## [Exercise requirements]
Line by line, give the data again exactly as it appears, but without pictures.

*** Entries provided ***

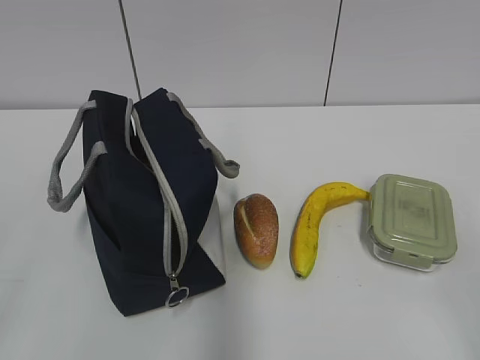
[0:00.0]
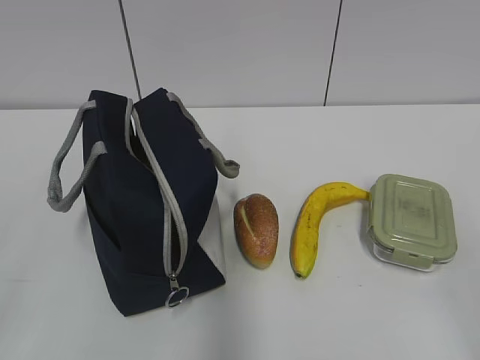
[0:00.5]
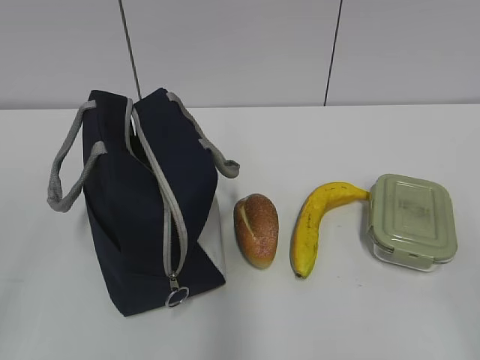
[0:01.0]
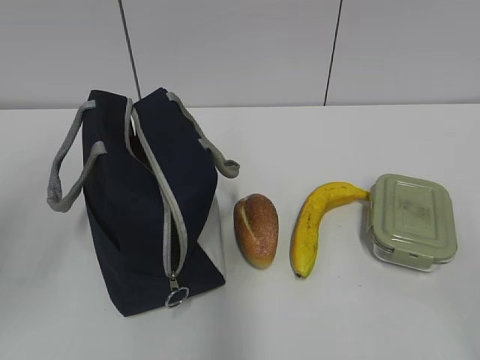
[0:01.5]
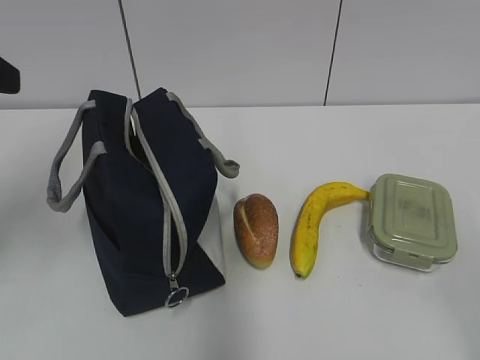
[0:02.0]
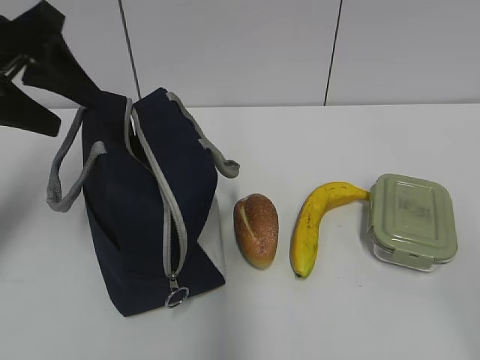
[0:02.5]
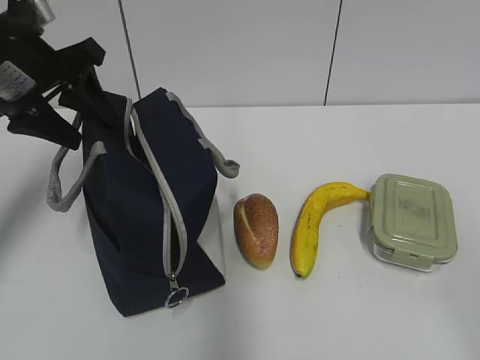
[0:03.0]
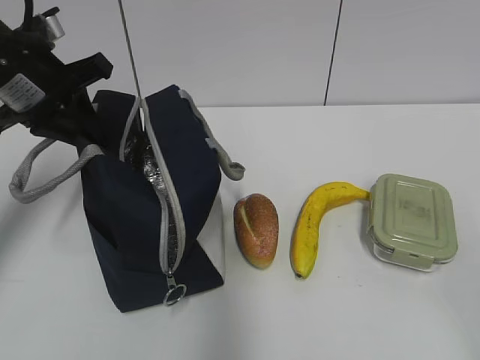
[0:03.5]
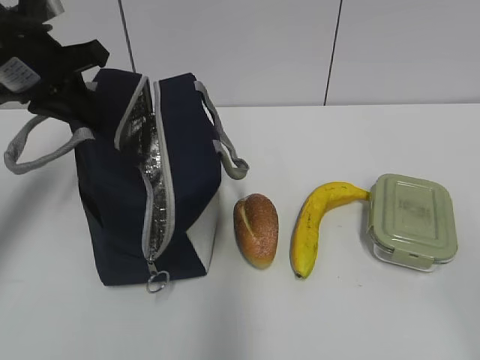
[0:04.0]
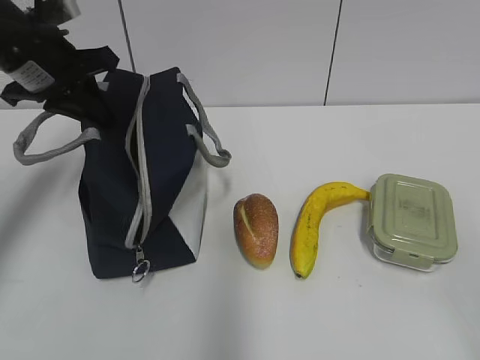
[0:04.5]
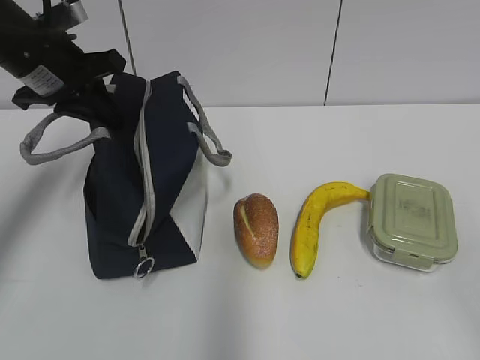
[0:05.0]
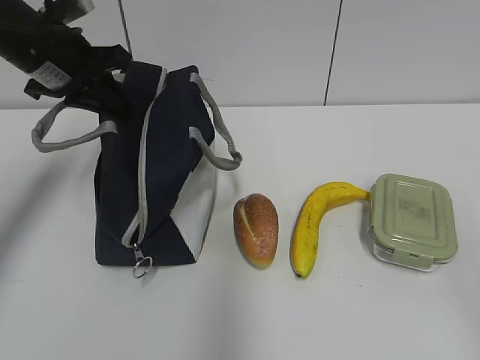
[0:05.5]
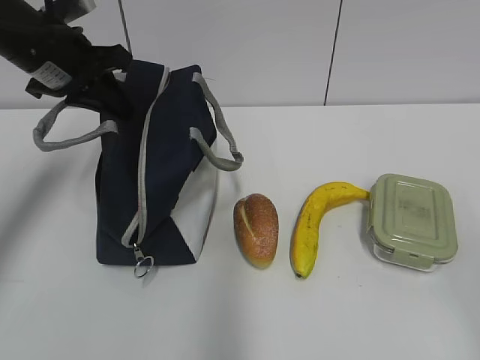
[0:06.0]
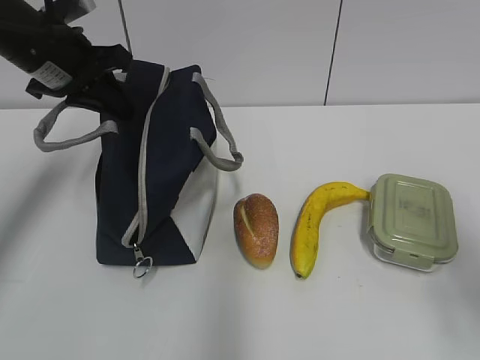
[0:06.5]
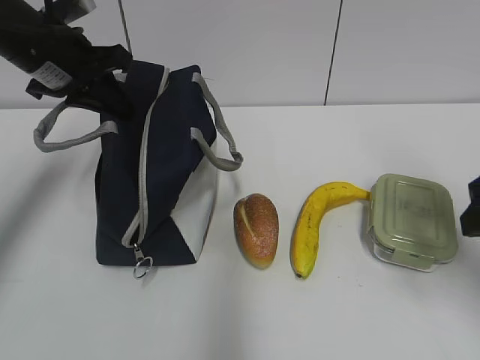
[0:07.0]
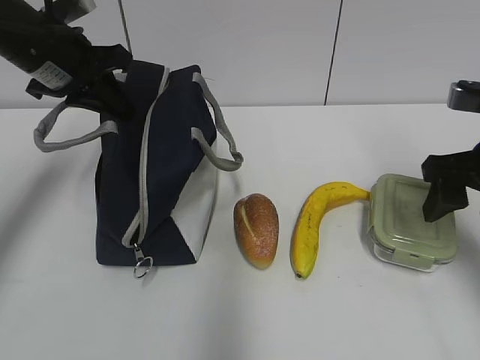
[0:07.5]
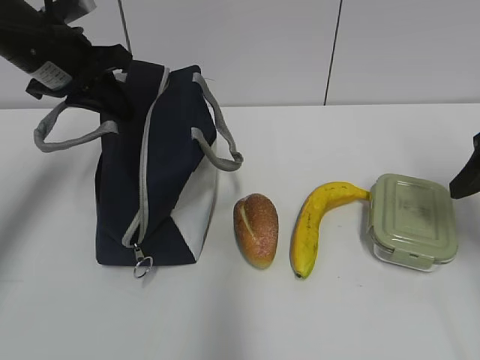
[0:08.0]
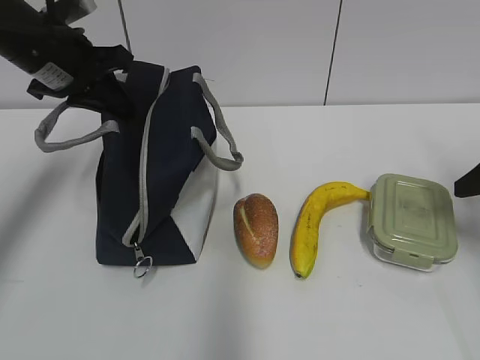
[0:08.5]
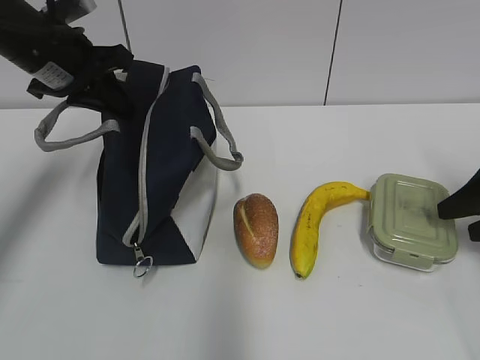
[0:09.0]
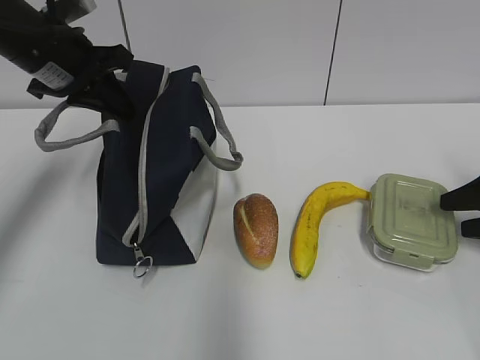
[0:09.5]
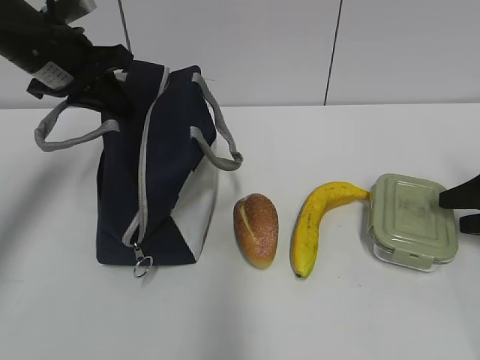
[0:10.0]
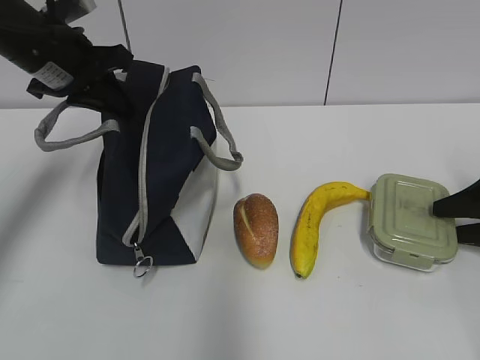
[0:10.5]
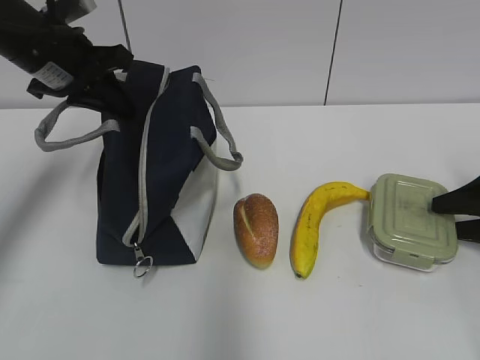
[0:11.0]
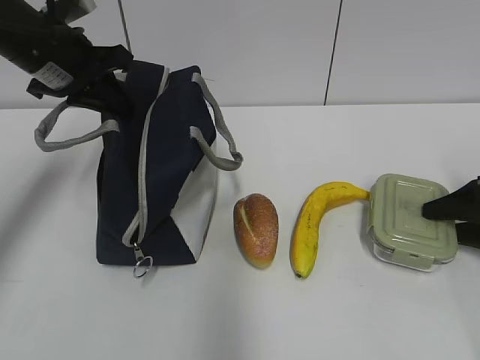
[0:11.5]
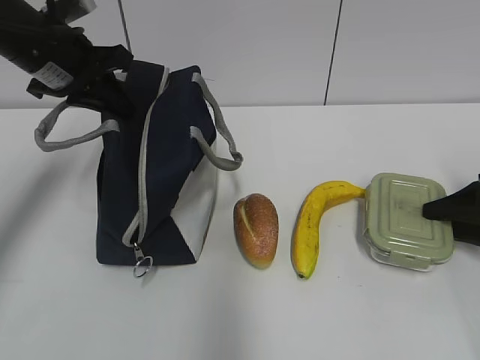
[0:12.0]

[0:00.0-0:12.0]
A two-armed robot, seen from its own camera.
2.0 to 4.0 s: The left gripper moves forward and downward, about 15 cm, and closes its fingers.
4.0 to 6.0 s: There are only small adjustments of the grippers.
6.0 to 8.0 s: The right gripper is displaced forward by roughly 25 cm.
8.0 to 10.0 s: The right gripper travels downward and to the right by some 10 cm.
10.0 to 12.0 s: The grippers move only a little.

*** End of Entries provided ***

## [Exercise output]
[0:00.0]
[0:00.5]
[0:01.0]
[0:01.5]
[0:02.0]
[0:02.5]
[0:03.0]
[0:03.5]
[0:04.0]
[0:04.5]
[0:05.0]
[0:05.5]
[0:06.0]
[0:06.5]
[0:07.0]
[0:07.5]
[0:08.0]
[0:08.5]
[0:09.0]
[0:09.5]
[0:10.0]
[0:10.5]
[0:11.0]
[0:11.5]
[0:12.0]

[0:00.0-0:12.0]
A two-armed robot, seen from its own camera.
2.0 to 4.0 s: The left gripper moves forward and downward, about 15 cm, and closes its fingers.
4.0 to 6.0 s: There are only small adjustments of the grippers.
6.0 to 8.0 s: The right gripper is displaced forward by roughly 25 cm.
8.0 to 10.0 s: The right gripper travels downward and to the right by some 10 cm.
10.0 to 12.0 s: The grippers move only a little.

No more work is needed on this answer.